**Goal of the exercise**
Every line from the one containing "Answer: Yes What" to the end of the listing below should be transcribed exactly, and no line outside that span should appear.

• • • • • • •

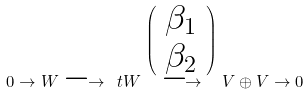Convert formula to latex. <formula><loc_0><loc_0><loc_500><loc_500>0 \to W \longrightarrow \ t W \stackrel { \left ( \begin{array} { c } \beta _ { 1 } \\ \beta _ { 2 } \end{array} \right ) } { \longrightarrow } V \oplus V \to 0</formula> 
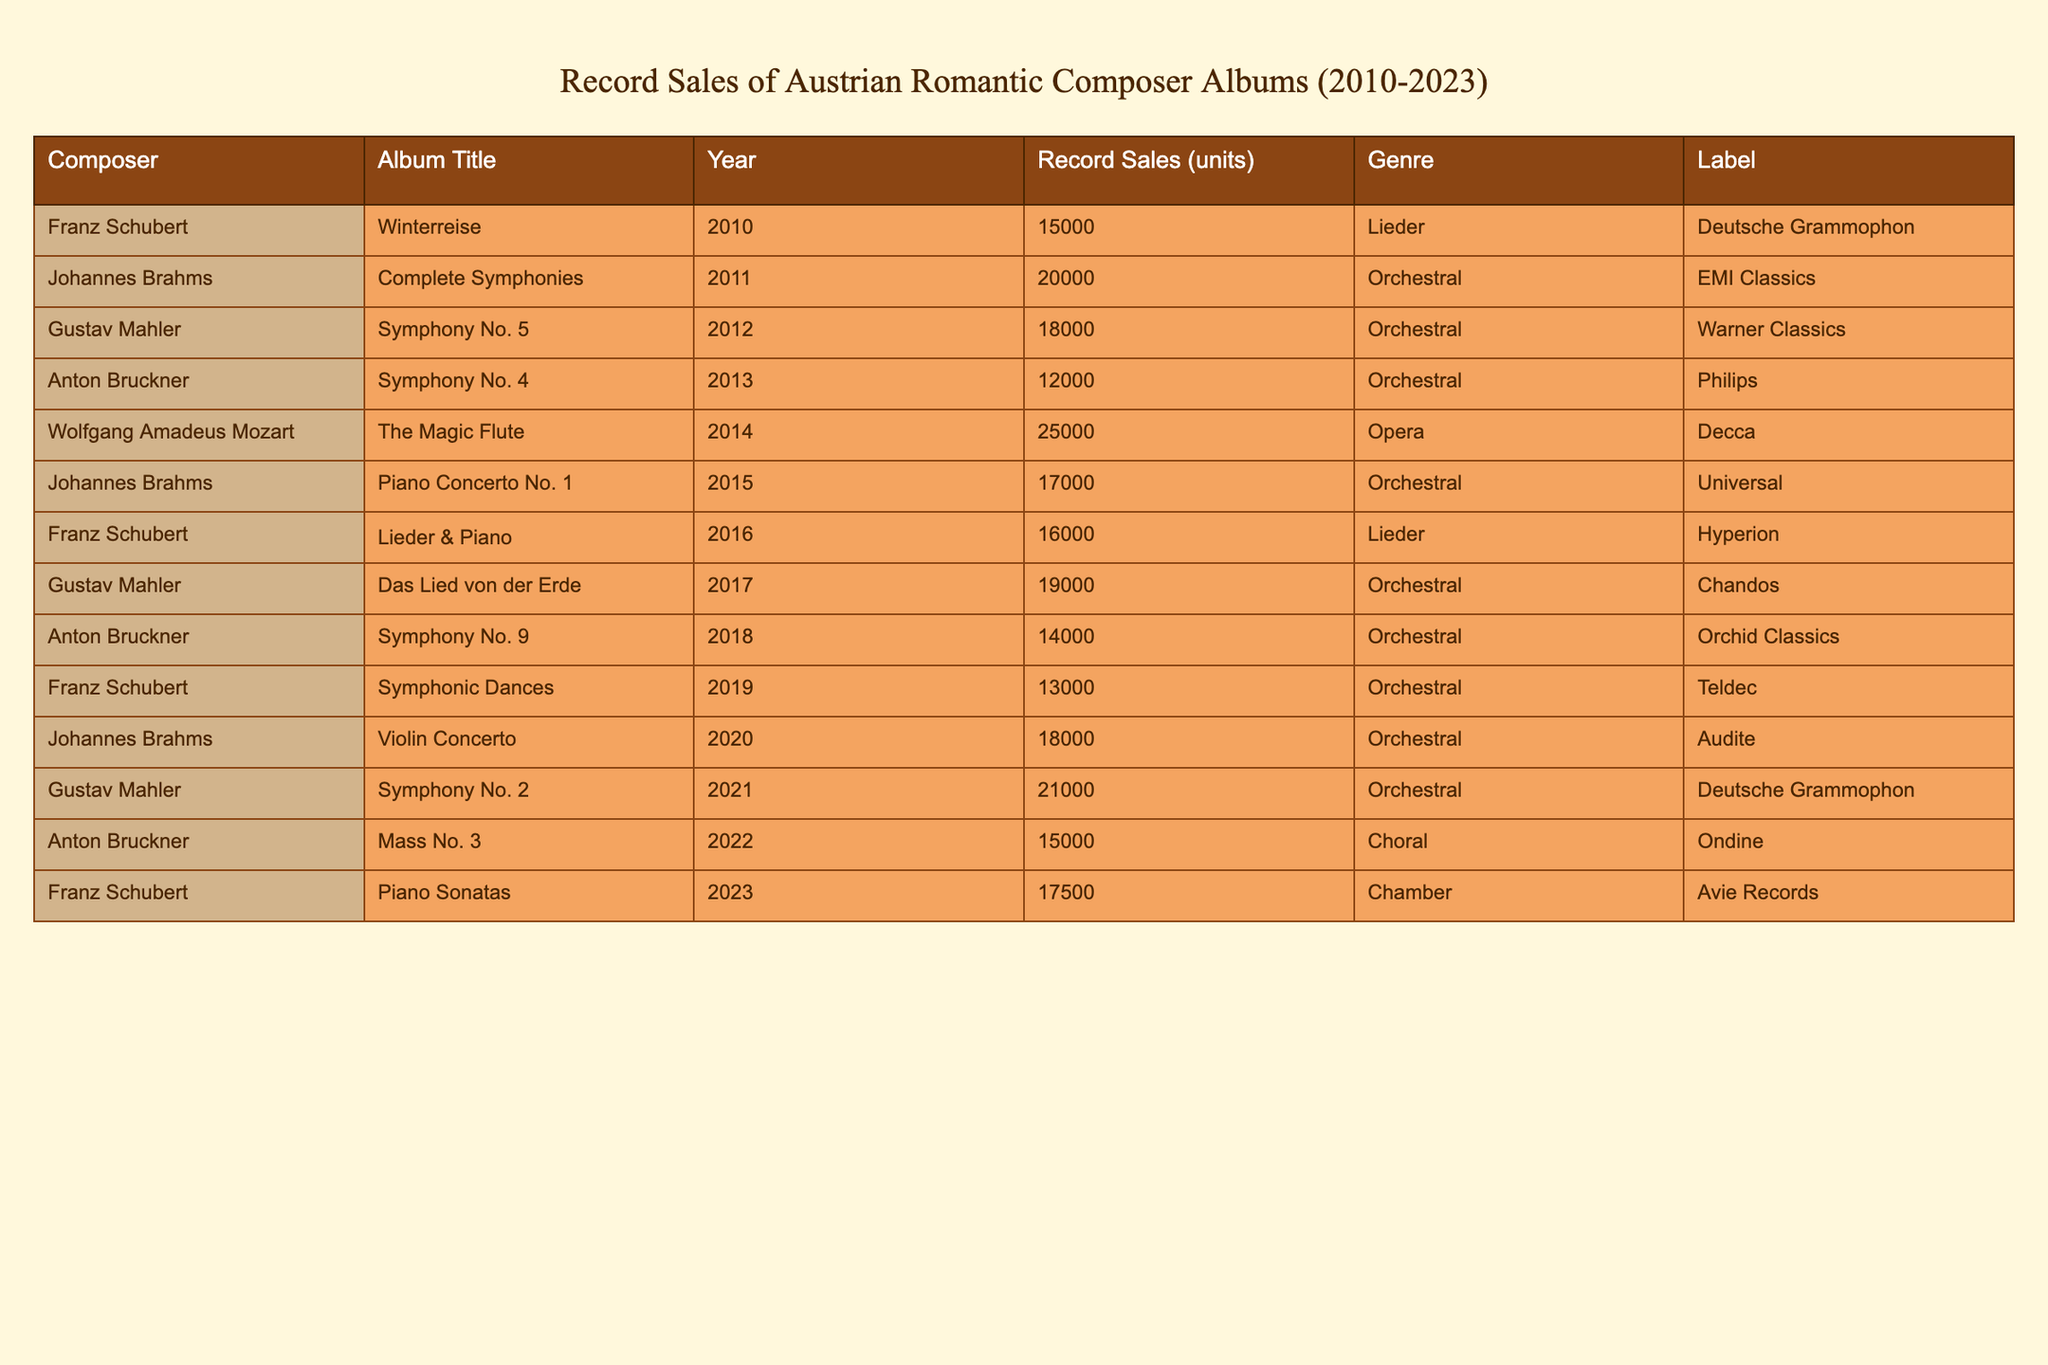What is the total record sales of all albums by Johannes Brahms from 2010 to 2023? First, look at the table for Johannes Brahms' albums: "Complete Symphonies" (2011) with 20000 units, "Piano Concerto No. 1" (2015) with 17000 units, and "Violin Concerto" (2020) with 18000 units. Now, add these sales: 20000 + 17000 + 18000 = 55000 units.
Answer: 55000 Which album from Gustav Mahler had the highest record sales? The table shows the albums by Gustav Mahler: "Symphony No. 5" (2012) with 18000 units, "Das Lied von der Erde" (2017) with 19000 units, and "Symphony No. 2" (2021) with 21000 units. The highest sales are from "Symphony No. 2" with 21000 units.
Answer: Symphony No. 2 Did any albums released in 2014 have higher sales than 20000 units? In the table, the only album released in 2014 is "The Magic Flute" by Wolfgang Amadeus Mozart with 25000 units. Since this is greater than 20000, the answer is yes.
Answer: Yes What is the average record sales of all albums released in 2019 and earlier? First, list the number of albums and their sales: "Winterreise" (15000), "Complete Symphonies" (20000), "Symphony No. 5" (18000), "Symphony No. 4" (12000), "The Magic Flute" (25000), "Piano Concerto No. 1" (17000), "Lieder & Piano" (16000), "Das Lied von der Erde" (19000), "Symphony No. 9" (14000), and "Symphonic Dances" (13000). The total sales sum is 15000 + 20000 + 18000 + 12000 + 25000 + 17000 + 16000 + 19000 + 14000 + 13000 = 180000 units. There are 10 albums, so the average is 180000/10 = 18000.
Answer: 18000 How many albums were released by Franz Schubert during the period? Looking through the table, Franz Schubert has three albums: "Winterreise" (2010), "Lieder & Piano" (2016), and "Symphonic Dances" (2019). Therefore, the total count is 3 albums.
Answer: 3

• • • • • • •

**Your response**
Answer: Yes What is the average record sales of all albums released in 2019 and earlier? First, list the number of albums and their sales: "Winterreise" (15000), "Complete Symphonies" (20000), "Symphony No. 5" (18000), "Symphony No. 4" (12000), "The Magic Flute" (25000), "Piano Concerto No. 1" (17000), "Lieder & Piano" (16000), "Das Lied von der Erde" (19000), "Symphony No. 9" (14000), and "Symphonic Dances" (13000). The total sales sum is 15000 + 20000 + 18000 + 12000 + 25000 + 17000 + 16000 + 19000 + 14000 + 13000 = 180000 units. There are 10 albums, so the average is 180000/10 = 18000.
Answer: 18000 How many albums were released by Franz Schubert during the period? Looking through the table, Franz Schubert has three albums: "Winterreise" (2010), "Lieder & Piano" (2016), and "Symphonic Dances" (2019). Therefore, the total count is 3 albums.
Answer: 3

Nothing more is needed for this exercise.